**Task prompt**
After finding the line with "#4 electrical component [143,330,217,407]" in the entries below, retype exactly each line from there through the line with "#14 electrical component [624,268,719,379]", including that final line.

Source data:
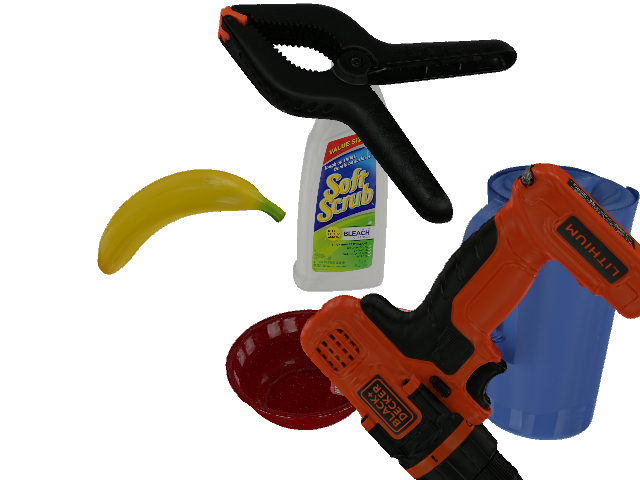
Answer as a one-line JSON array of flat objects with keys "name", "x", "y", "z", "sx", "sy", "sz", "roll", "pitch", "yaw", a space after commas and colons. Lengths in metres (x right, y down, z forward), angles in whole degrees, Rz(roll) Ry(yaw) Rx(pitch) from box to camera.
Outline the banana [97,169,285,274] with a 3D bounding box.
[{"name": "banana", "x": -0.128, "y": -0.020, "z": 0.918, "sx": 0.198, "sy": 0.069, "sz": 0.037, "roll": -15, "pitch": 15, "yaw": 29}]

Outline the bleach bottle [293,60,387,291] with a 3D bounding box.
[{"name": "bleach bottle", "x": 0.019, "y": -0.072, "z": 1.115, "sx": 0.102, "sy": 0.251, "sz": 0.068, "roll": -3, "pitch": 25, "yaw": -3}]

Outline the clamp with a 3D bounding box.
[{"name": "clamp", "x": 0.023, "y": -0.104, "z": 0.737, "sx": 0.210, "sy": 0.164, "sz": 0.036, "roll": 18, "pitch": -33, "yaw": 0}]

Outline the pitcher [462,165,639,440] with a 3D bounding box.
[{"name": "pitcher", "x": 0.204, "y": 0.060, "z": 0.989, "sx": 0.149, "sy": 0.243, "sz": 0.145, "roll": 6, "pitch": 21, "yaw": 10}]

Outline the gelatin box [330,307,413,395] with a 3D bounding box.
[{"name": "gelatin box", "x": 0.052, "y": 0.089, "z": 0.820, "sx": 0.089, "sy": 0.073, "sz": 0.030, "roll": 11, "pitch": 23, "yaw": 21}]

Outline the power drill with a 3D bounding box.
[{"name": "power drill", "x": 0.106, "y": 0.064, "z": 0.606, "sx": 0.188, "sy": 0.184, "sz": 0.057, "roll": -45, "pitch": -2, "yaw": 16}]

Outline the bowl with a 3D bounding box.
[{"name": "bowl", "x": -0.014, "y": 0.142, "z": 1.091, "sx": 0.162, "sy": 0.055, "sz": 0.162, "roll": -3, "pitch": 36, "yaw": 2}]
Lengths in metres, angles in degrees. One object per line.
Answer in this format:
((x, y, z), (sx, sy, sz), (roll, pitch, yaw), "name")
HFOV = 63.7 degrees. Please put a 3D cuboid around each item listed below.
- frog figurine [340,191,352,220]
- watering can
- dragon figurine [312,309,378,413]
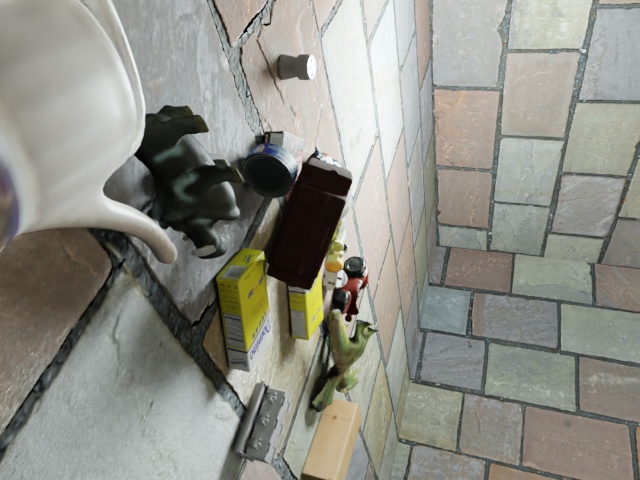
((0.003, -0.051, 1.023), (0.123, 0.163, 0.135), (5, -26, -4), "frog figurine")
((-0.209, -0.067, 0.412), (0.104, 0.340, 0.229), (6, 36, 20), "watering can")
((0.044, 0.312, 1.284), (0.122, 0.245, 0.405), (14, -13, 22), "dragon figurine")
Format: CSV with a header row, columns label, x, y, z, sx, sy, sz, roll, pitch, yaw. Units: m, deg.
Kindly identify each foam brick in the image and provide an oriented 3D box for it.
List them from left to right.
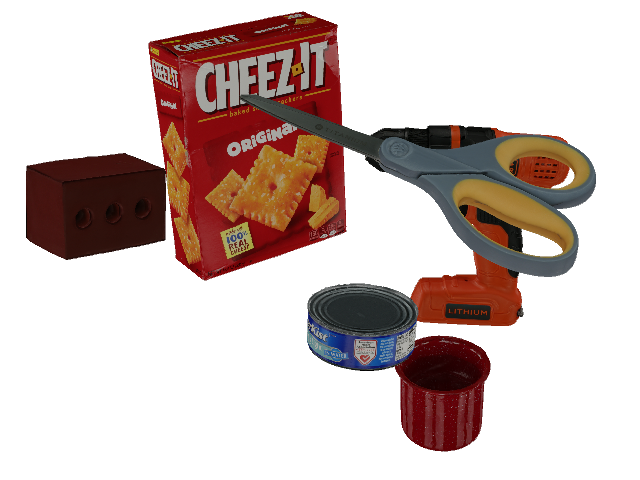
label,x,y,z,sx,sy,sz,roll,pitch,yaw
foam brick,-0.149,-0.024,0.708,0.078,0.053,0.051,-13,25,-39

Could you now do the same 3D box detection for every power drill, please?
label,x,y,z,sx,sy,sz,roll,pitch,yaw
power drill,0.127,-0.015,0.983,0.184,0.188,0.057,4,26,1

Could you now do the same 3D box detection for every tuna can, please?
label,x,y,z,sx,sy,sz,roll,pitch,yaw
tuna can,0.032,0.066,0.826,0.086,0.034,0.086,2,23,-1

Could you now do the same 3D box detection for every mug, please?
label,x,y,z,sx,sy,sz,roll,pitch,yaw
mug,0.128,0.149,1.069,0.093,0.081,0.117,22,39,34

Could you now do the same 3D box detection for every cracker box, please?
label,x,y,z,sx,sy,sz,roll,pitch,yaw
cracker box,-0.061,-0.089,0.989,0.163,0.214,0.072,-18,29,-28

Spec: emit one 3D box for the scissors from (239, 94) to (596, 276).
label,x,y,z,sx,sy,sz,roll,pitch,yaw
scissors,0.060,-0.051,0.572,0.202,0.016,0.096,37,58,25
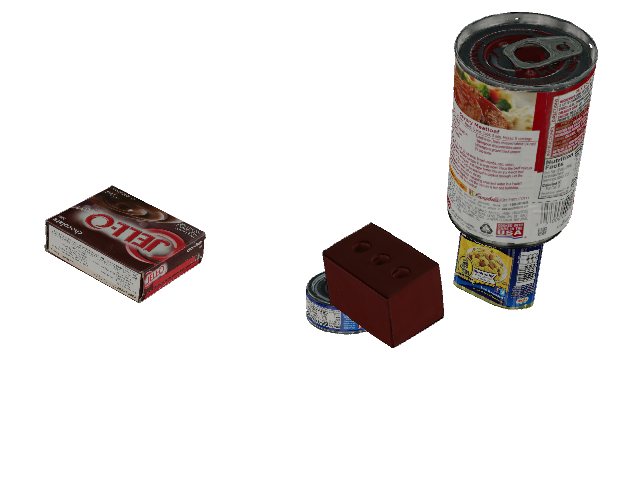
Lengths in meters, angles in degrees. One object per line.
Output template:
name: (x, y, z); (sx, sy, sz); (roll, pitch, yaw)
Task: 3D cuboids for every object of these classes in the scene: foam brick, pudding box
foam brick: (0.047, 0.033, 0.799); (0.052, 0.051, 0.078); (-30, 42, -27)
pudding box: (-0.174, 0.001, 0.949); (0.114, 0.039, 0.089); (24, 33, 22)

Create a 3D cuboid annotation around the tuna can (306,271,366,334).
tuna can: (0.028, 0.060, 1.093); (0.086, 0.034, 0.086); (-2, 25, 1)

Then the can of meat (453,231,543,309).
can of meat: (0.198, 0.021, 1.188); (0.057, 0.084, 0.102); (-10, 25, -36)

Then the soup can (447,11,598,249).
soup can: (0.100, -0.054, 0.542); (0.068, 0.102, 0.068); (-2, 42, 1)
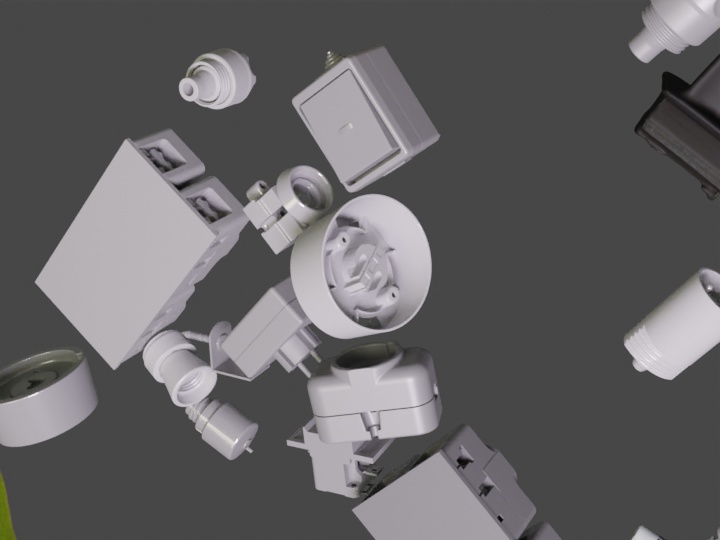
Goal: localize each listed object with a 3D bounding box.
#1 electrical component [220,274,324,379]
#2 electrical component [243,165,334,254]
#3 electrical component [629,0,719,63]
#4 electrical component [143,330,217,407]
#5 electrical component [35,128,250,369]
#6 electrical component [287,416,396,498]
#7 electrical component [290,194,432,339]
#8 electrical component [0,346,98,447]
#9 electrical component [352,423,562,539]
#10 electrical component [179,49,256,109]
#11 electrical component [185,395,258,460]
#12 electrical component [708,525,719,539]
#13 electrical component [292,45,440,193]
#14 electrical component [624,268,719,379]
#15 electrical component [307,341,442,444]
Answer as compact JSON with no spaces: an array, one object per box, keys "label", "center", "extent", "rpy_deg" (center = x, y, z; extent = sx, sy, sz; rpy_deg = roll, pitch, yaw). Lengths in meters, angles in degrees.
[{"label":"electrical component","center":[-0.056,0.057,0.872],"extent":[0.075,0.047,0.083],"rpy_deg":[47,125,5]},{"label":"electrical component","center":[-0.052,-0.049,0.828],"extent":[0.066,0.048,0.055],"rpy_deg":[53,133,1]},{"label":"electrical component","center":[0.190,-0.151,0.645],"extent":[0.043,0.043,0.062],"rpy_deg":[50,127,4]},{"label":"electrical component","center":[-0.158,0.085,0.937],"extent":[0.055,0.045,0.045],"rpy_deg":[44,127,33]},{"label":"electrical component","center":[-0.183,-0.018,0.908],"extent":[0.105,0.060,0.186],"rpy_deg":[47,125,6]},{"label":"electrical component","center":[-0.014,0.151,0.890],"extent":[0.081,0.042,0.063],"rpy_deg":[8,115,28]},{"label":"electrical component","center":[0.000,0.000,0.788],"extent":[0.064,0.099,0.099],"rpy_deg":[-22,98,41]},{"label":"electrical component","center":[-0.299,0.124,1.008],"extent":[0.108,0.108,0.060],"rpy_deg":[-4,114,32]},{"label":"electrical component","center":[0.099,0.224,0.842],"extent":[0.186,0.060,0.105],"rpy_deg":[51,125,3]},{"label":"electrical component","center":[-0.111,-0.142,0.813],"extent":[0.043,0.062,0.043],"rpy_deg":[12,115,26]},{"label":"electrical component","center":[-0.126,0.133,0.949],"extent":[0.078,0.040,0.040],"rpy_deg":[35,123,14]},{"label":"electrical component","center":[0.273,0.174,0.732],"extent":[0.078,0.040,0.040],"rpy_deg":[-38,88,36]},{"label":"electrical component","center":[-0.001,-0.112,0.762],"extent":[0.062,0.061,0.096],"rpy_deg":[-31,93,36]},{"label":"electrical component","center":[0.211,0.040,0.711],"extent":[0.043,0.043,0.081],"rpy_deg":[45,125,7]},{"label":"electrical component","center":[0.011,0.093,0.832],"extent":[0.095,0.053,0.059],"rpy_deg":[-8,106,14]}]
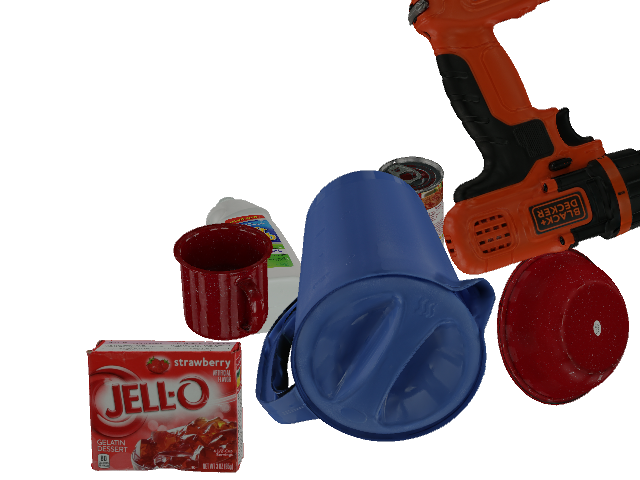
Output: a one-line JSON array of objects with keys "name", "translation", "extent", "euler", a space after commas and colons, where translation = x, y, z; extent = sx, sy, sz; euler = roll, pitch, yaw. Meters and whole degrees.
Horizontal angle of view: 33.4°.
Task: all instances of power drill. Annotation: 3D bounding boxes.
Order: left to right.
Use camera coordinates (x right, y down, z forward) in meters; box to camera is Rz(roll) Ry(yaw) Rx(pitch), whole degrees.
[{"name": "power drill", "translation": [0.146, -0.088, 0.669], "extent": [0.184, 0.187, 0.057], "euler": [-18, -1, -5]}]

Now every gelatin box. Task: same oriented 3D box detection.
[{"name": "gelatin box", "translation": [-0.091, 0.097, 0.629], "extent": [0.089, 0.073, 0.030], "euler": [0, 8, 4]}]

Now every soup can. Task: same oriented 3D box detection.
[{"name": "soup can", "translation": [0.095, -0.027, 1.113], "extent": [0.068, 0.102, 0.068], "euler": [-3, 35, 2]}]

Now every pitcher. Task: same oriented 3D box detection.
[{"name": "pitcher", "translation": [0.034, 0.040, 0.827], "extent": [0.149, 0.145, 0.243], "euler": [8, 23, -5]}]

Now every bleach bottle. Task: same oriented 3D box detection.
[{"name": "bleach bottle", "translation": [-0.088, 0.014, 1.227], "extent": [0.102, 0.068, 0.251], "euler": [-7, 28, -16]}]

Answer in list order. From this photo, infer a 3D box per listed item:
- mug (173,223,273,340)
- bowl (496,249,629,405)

**Written answer**
#4 electrical component [143,330,217,407]
#5 electrical component [35,128,250,369]
#6 electrical component [287,416,396,498]
#7 electrical component [290,194,432,339]
#8 electrical component [0,346,98,447]
#9 electrical component [352,423,562,539]
#10 electrical component [179,49,256,109]
#11 electrical component [185,395,258,460]
#12 electrical component [708,525,719,539]
#13 electrical component [292,45,440,193]
#14 electrical component [624,268,719,379]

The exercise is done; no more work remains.